J. Ryooa (Dr), Y. Hongb (Dr), KH. Kimb (Prof), JY. Choib (Prof), HW. Kimb (Prof), AY. Shinb (Prof), JS. Kimb (Prof), JH. Ahnb (Prof), JH. Ha*b (Prof)

a Bucheon St. Mary's Hospital, College of Medicine, The Catholic University of Korea, Seoul, Republic of Korea, Bucheon, KOREA, REPUBLIC OF ; b Incheon St. Mary’s Hospital, College of Medicine, The Catholic University of Korea, Seoul, Republic of Korea, Incheon, KOREA, REPUBLIC OF

* aescylus@catholic.ac.kr

Background: This study aimed to investigate the association between morphologic classification by medical thoracoscopy (MT) and microbiological yield among the patients with TB pleurisy.

Methods: Medical records of patients who underwent MT and were diagnosed as TB pleurisy with microbiological or histologic evidence between 2016 and 2021 at Incheon St. Mary’s hospital were retrospectively reviewed. Two respiratory physicians classified all cases into 5 groups by gross findings identified with MT. Diagnostic yield of microbiological test (acid-fast bacilli (AFB) culture or TB-polymerase chain reaction (PCR)) with overall specimens including pre-MT pleural fluid, targeted pleural washing fluid and pleural tissue by each classification was investigated.
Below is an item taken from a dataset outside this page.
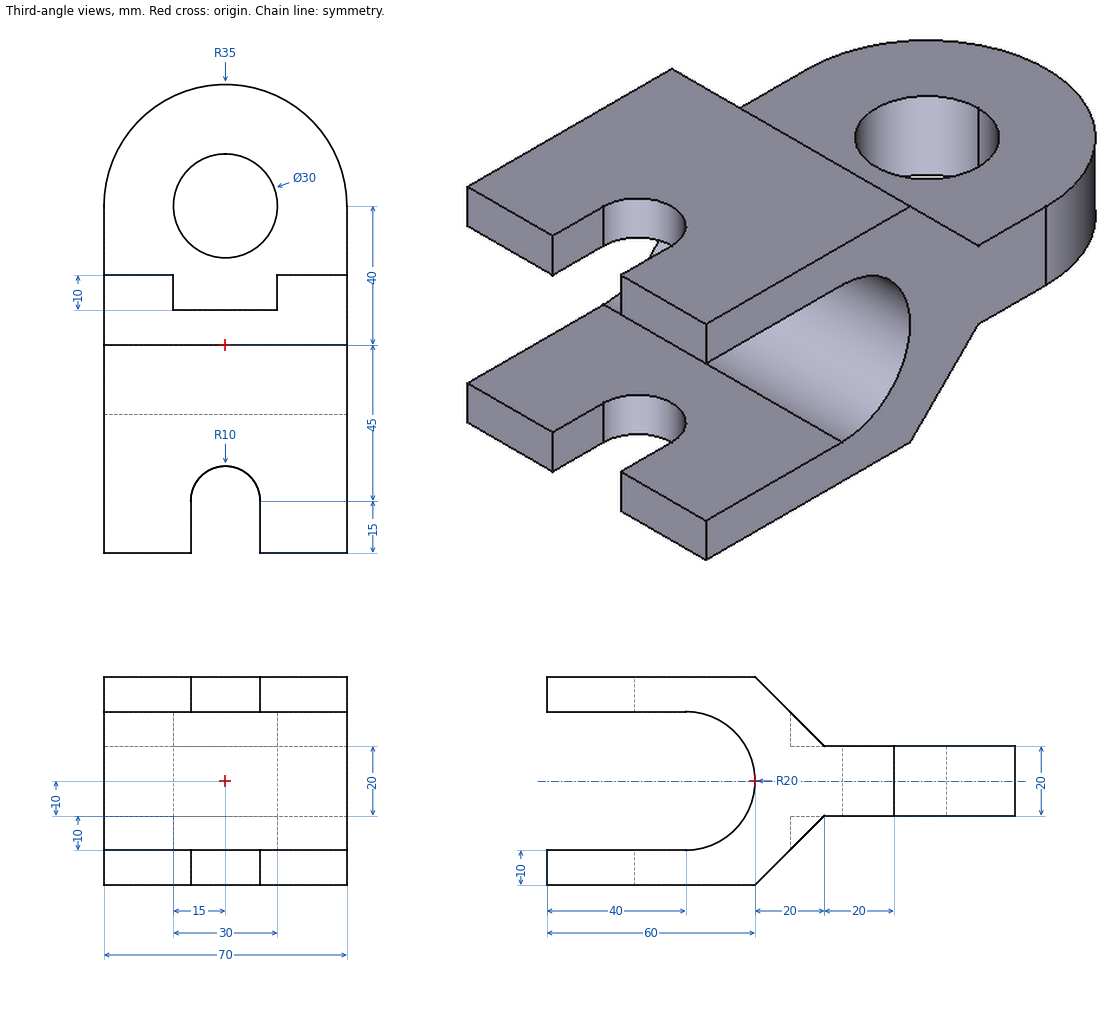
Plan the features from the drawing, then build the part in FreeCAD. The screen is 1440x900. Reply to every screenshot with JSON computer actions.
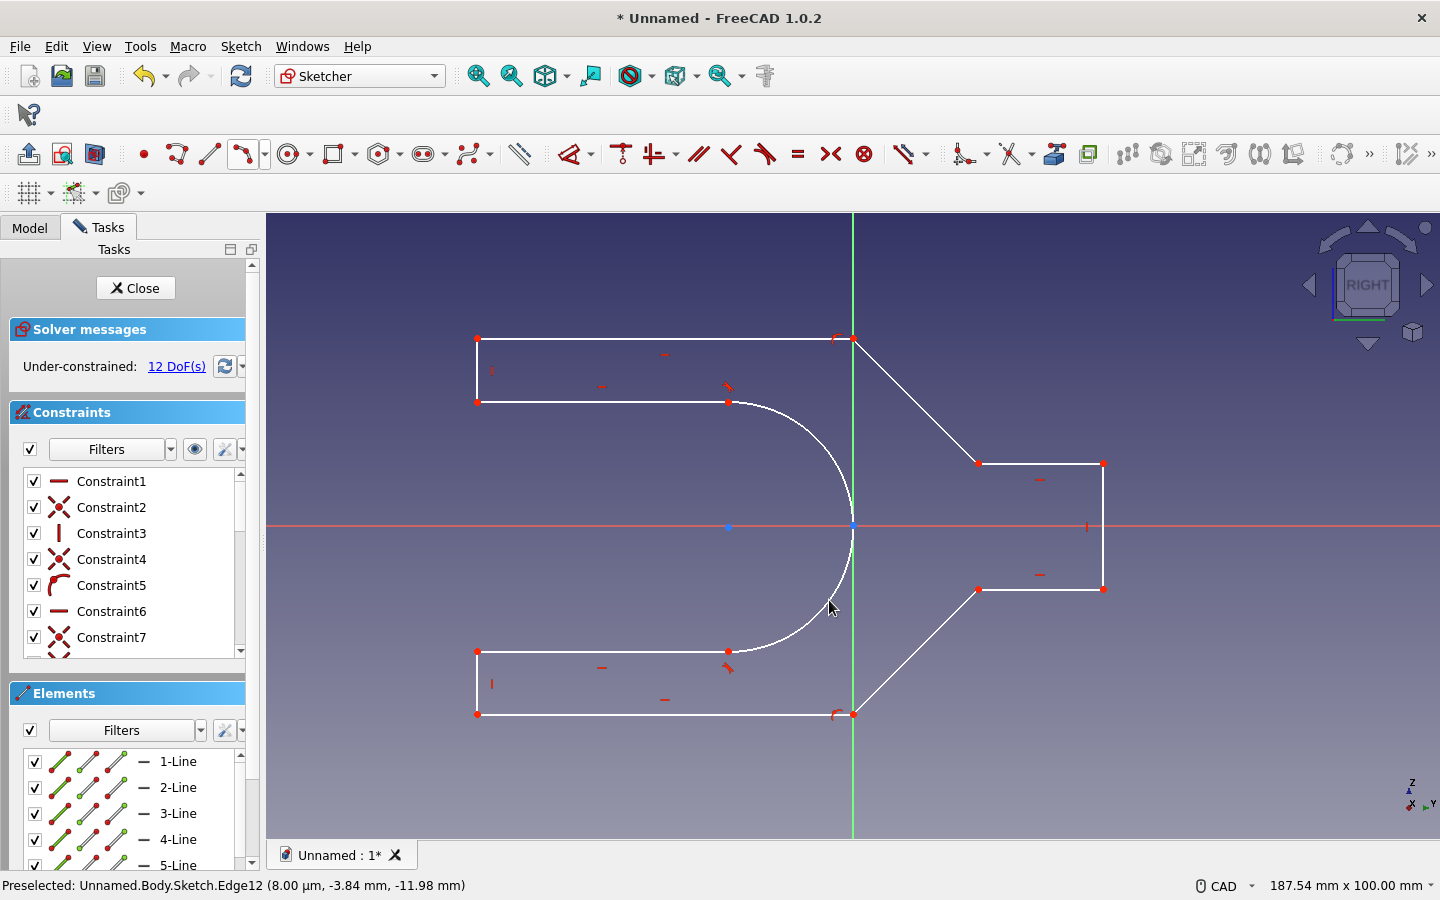
{"action": "left_click", "coordinate": [728, 527]}

Results: A total of 62 patients (15 cases of empyema type, 14 cases of macronodular type mimicking malignancy, 12 cases of pseudomembranous type, 18 cases of micronodular type and 3 cases of minimal lesion type) were enrolled. The proportion of AFB culture positivity was highest among the empyema group (10/15) (66.7%, (95% CI: 38.4%-88.2%)), followed by macronodule group (6/14) (42.9% (17.7%-71.1%)), pseudomembrane group (5/12) (41.7% (15.2%-72.3%)), micronodule group (4/18) (22.2% (6.4%-47.6%)), and minimal lesion group (0/3) (0.0% (0.0%-70.8%)). That of TB-PCR was highest in the empyema group (11/15) (73.3% (44.9%-92.2%))), followed by micronodule group (8/18) (44.4% (21.5%-69.2%)), macronodule group (6/14) (42.9% (17.7%-71.1%)), pseudomembrane group (5/12) (41.7% (15.2%-72.3%)), and minimal lesion group (0/3) (0.0% (0.0%-70.8%)).

Conclusion: With our results, we can hypothesize how TB pleurisy progress - from minimal lesion to micronodules, to macronodules or pseudomembrane and eventually into empyema. Further study is needed to verify our hypothesis.